I'm a bit confused about this text:

   Some application layer protocols may already have a way of
   identifying each individual UDP packet, in which case these
   identifiers SHOULD be used in the IDENTIFIERS attribute of the Report
   Response.  While there are other possible packet identification
   schemes, this document describes two different ways to identify a
   specific packet.

   In the first packet identification mechanism, the server computes a
   checksum over each packet received and sends back to the sender the
   list of checksums ordered chronologically.  The client compares this
   list to its own list of checksums.

   In the second packet identification mechanism, the client prepends
   the UDP data with a header that provides a sequence number.  The
   server sends back the chronologically ordered list of sequence
   numbers received that the client then compares with its own list.

It wasn't clear to me from this text whether these two packet
identification mechanism are descriptions of what applications do if they
DON'T already have a way of identifying packets. If that's what's intended,
perhaps

  Some application layer protocols may already have a way of
   identifying each individual UDP packet, in which case these
   identifiers SHOULD be used in the IDENTIFIERS attribute of the Report
   Response.  While there are other possible packet identification
   schemes, this document describes two different ways to identify a
   specific packet, when no application layer protocol-specific
identification

^^^^^^^^^^^^^^^^^^^^^^^^^^^^^^^^^^^^^^^^^^^^^^^^^^^^^^^^^^^^
   mechanism is available.
   ^^^^^^^^^^^^^^^^^^^^^^
?

When I read this text,

  Then the client waits half the RTO, if it is known, or 250 ms after
   sending the last Probe Indication and then sends the Report Request
   to the server over UDP.

I was confused - isn't there's a 500-ms default RTO value in 4.1.1? Is this
different from

  Then the client waits half the RTO after
   sending the last Probe Indication and then sends the Report Request
   to the server over UDP.

or am I missing your point?

In this text,

  The algorithm used to calculate the checksum is similar to the
   algorithm used for the FINGERPRINT attribute (i.e., the CRC-32 of the
   payload XOR'ed with the 32-bit value 0x5354554e).
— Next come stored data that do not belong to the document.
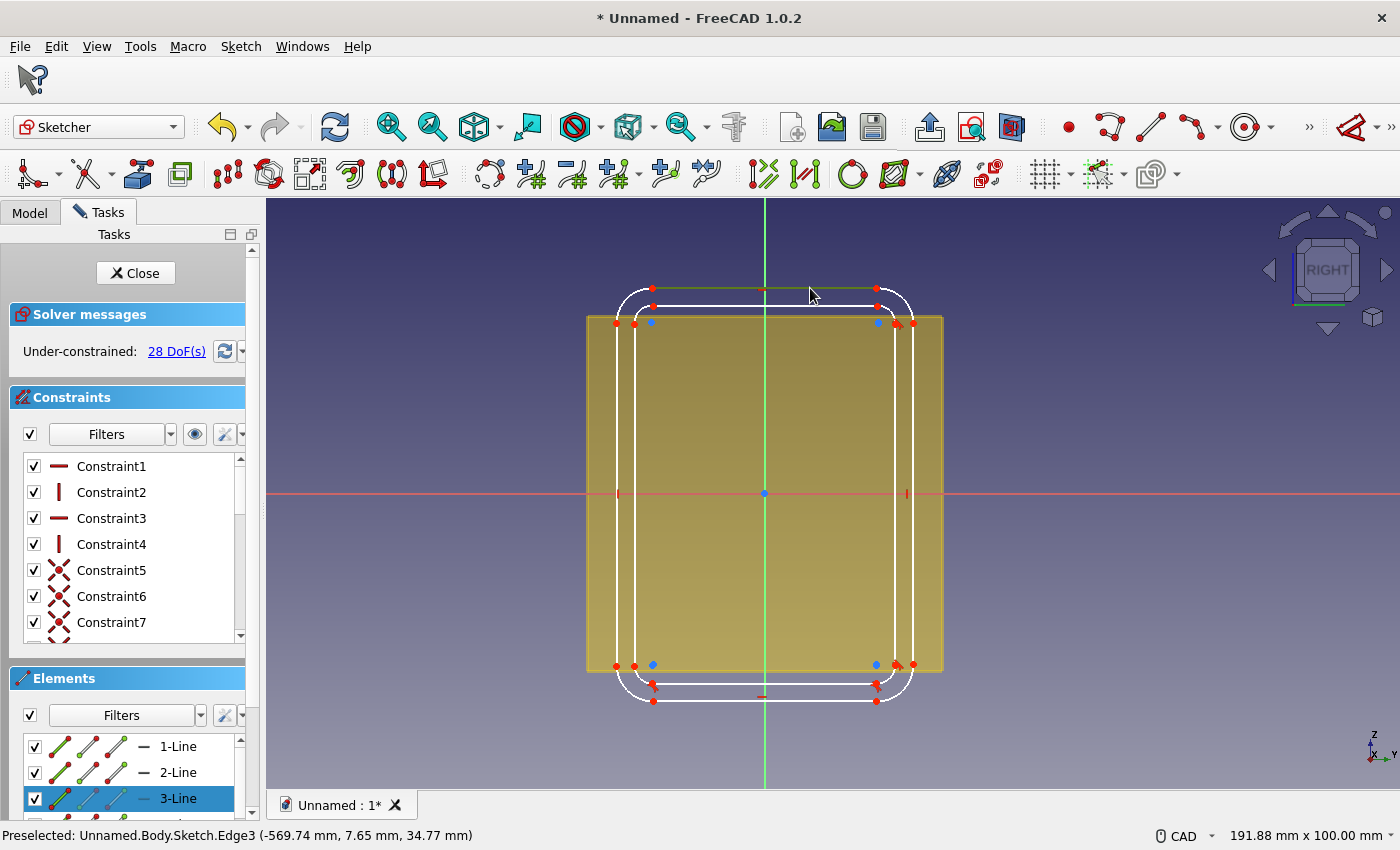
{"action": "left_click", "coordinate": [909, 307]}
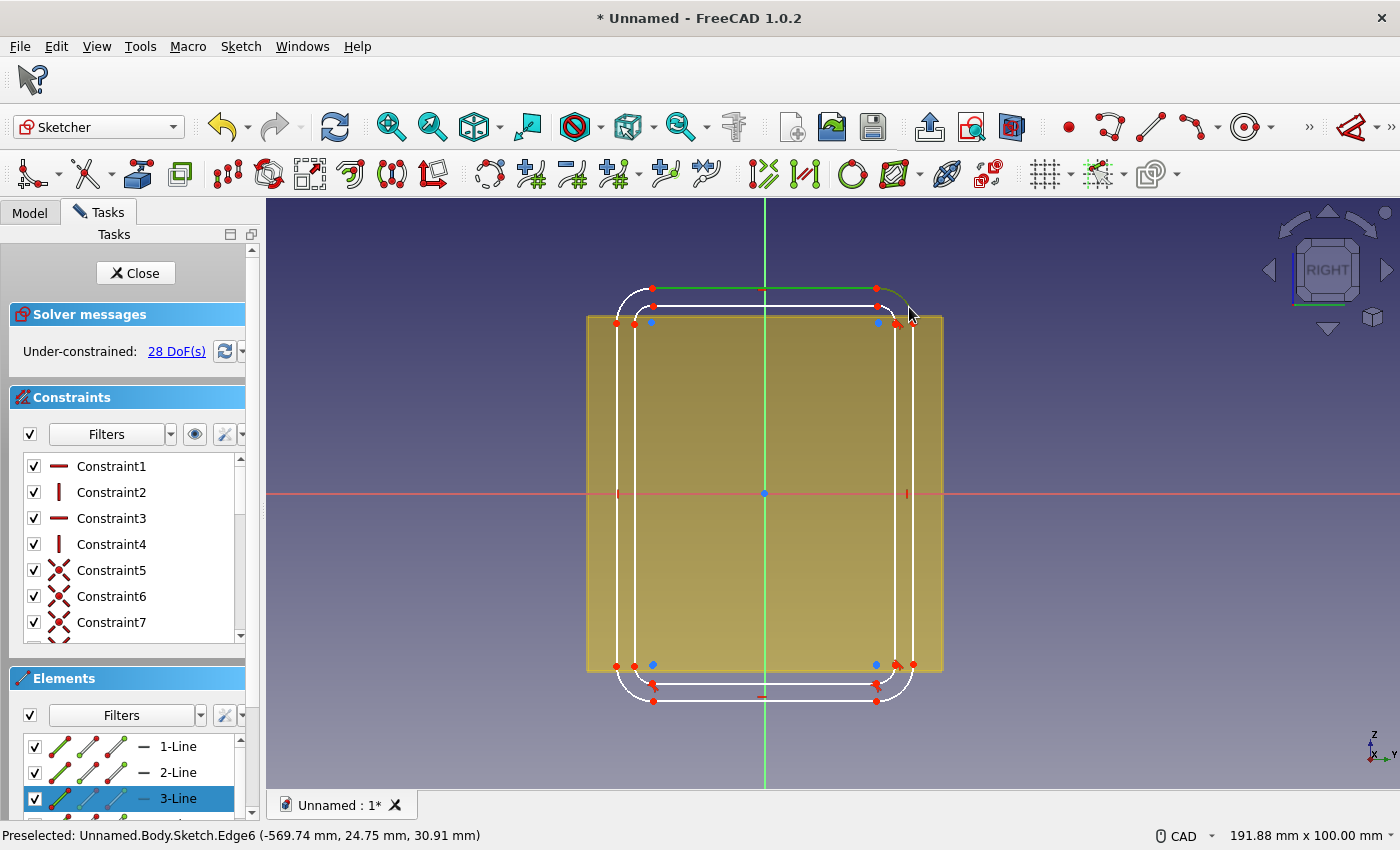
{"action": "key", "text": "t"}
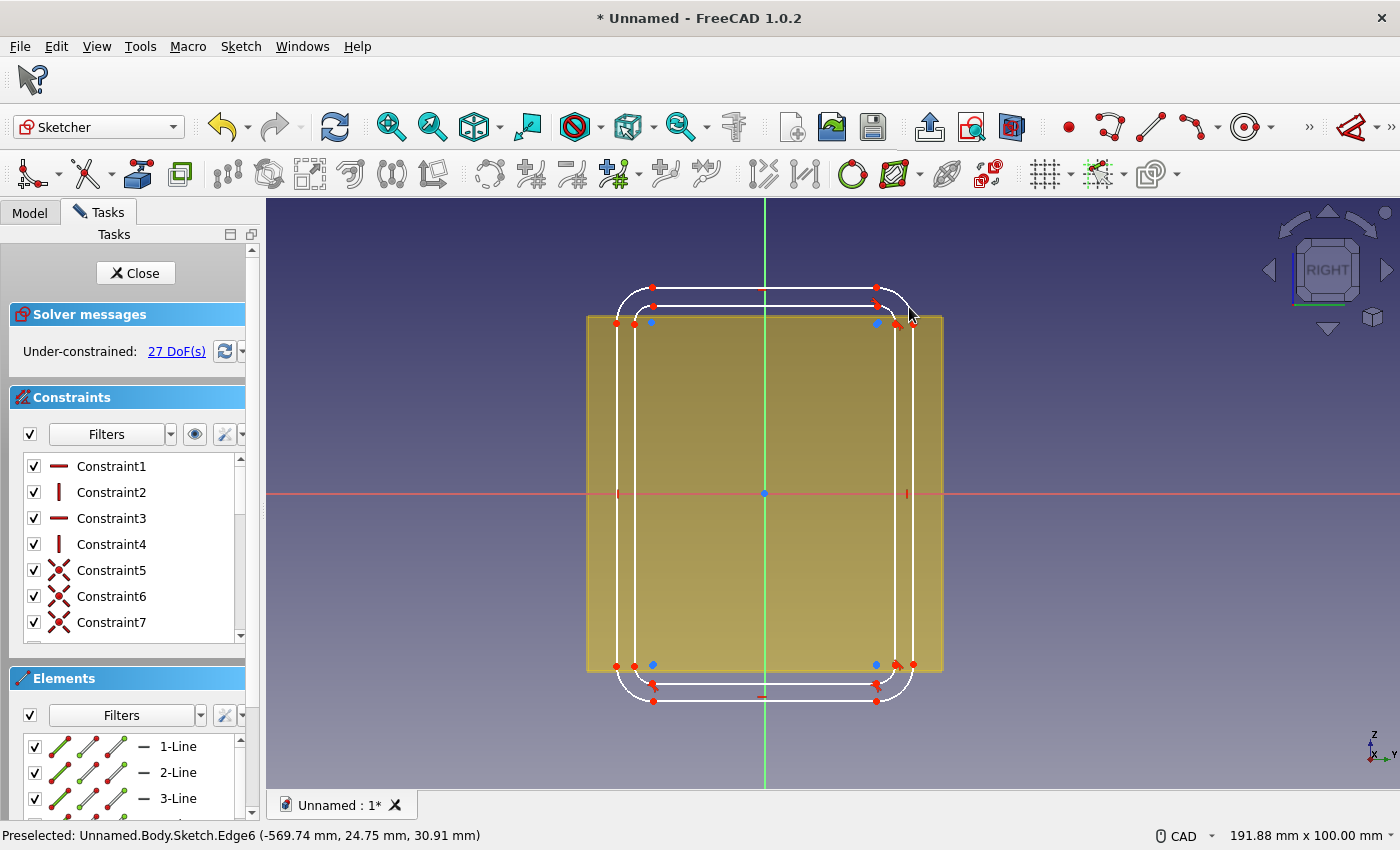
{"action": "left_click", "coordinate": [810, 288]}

is there a reference you could provide for the "algorithm used for the
FINGERPRINT attribute" here? I'm pretty sure I could find the right one,
but googling for "STUN FINGERPRINT checksum" is a lot less helpful than I
expected, and making sure that you understand what something is "similar
to" seems important if that's going to be helpful information for
implementers.

If using authentication in

  UDP-based protocols that want to use any of these mechanisms,
   including the PMTUD-SUPPORTED attribute, to signal PMTUD capabilities
   MUST ensure that it cannot be used to launch an amplification attack.
   For example, using authentication can ensure this.
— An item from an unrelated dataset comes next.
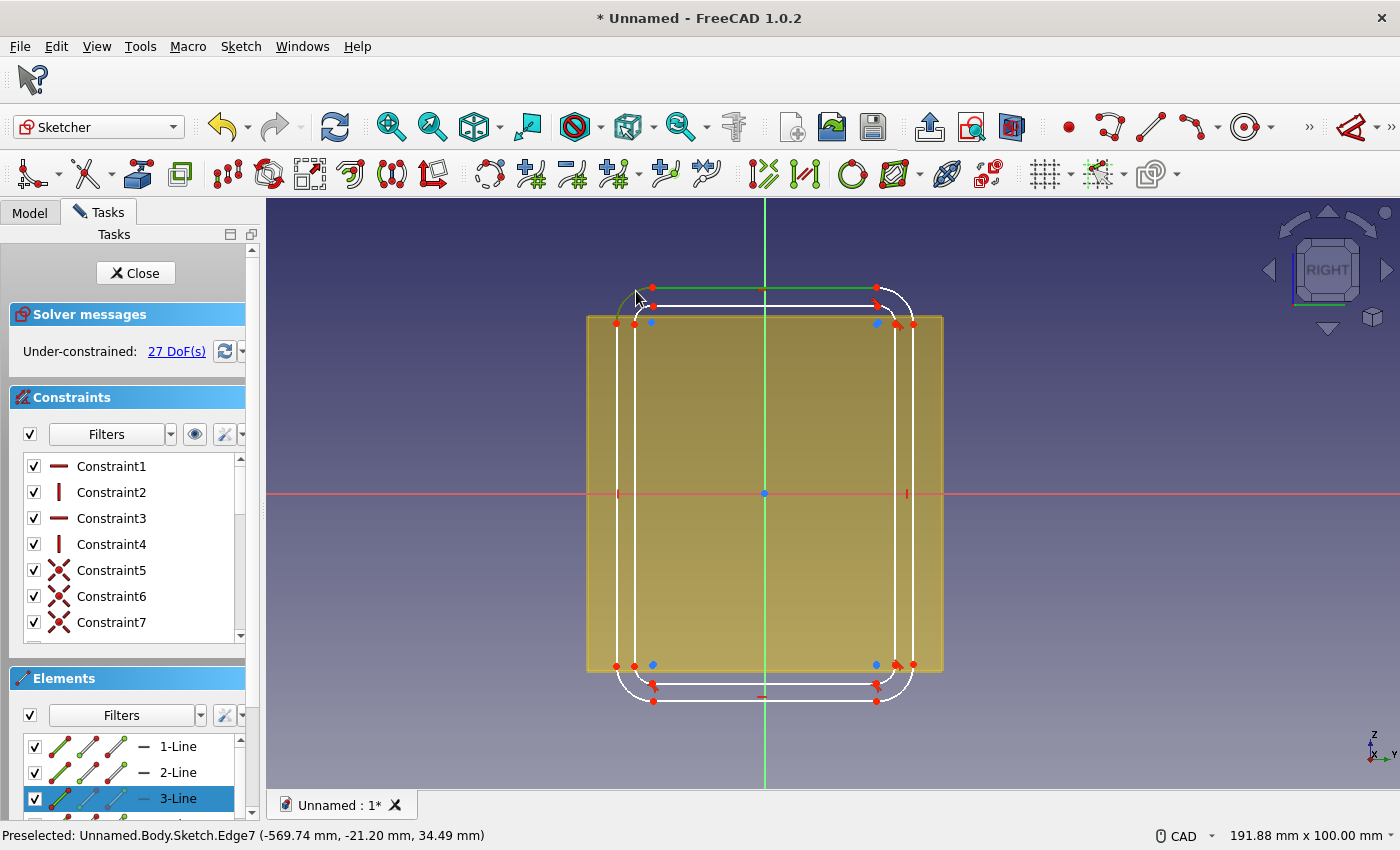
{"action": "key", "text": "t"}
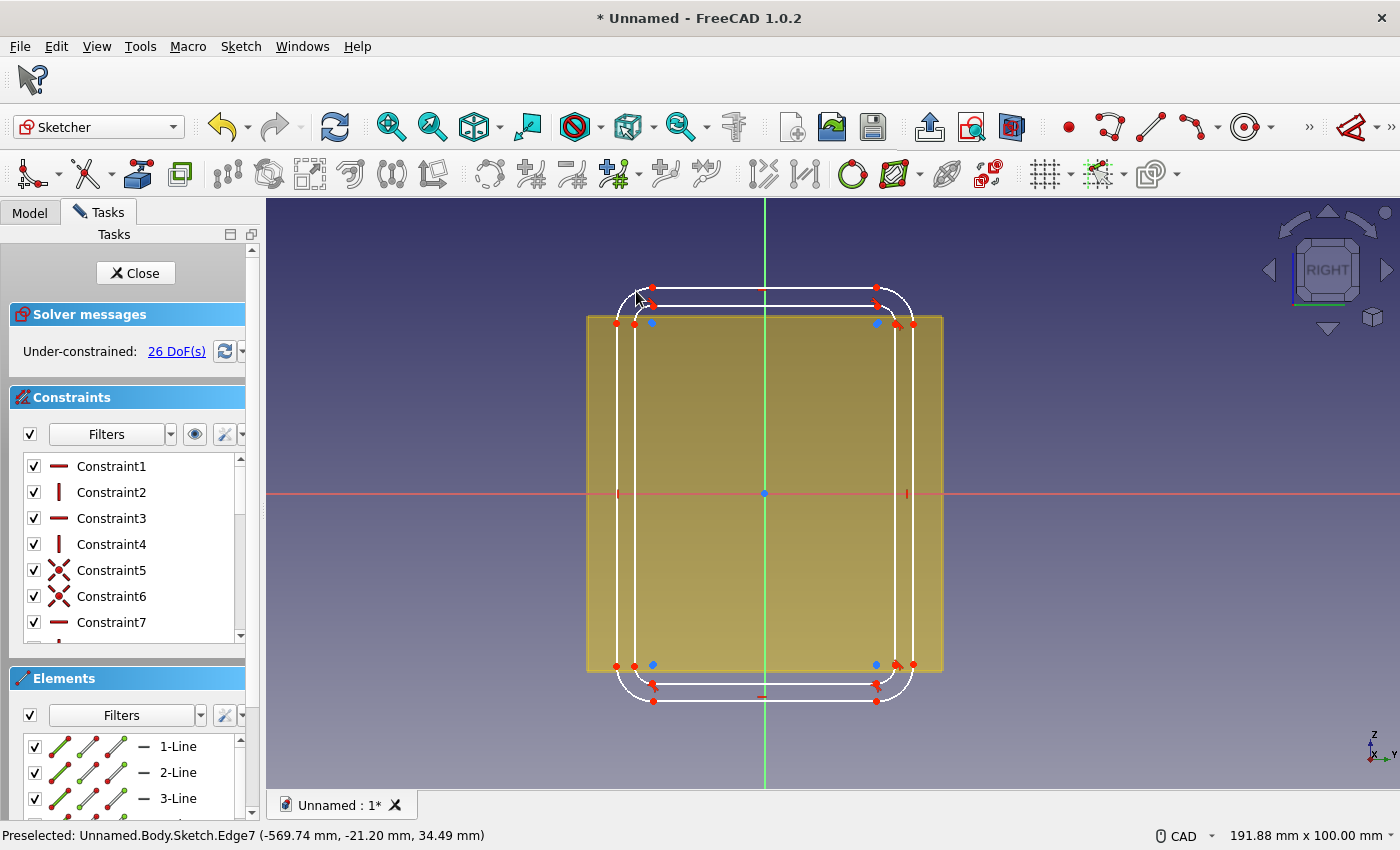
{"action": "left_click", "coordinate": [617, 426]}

is only one way to ensure prevention of amplification attacks, is there any
guidance or reference you could point to that would help implementers
evaluate other approaches?

Actually, after reading

  The Probe Request or Indication that are used to implicitly signal
   probing support in the reverse direction MUST be authenticated to
   prevent amplification attacks.

I wonder why authentication isn't a MUST for UDP-based protocols using
STUN-PMTUD, but that's just me wondering ...

I was a bit confused by

  This specification defines two new STUN methods and two new STUN
   attributes.  IANA added these new protocol elements to the "STUN
   Parameters Registry" created by [RFC5389].

because they haven't been added to the registry yet, right?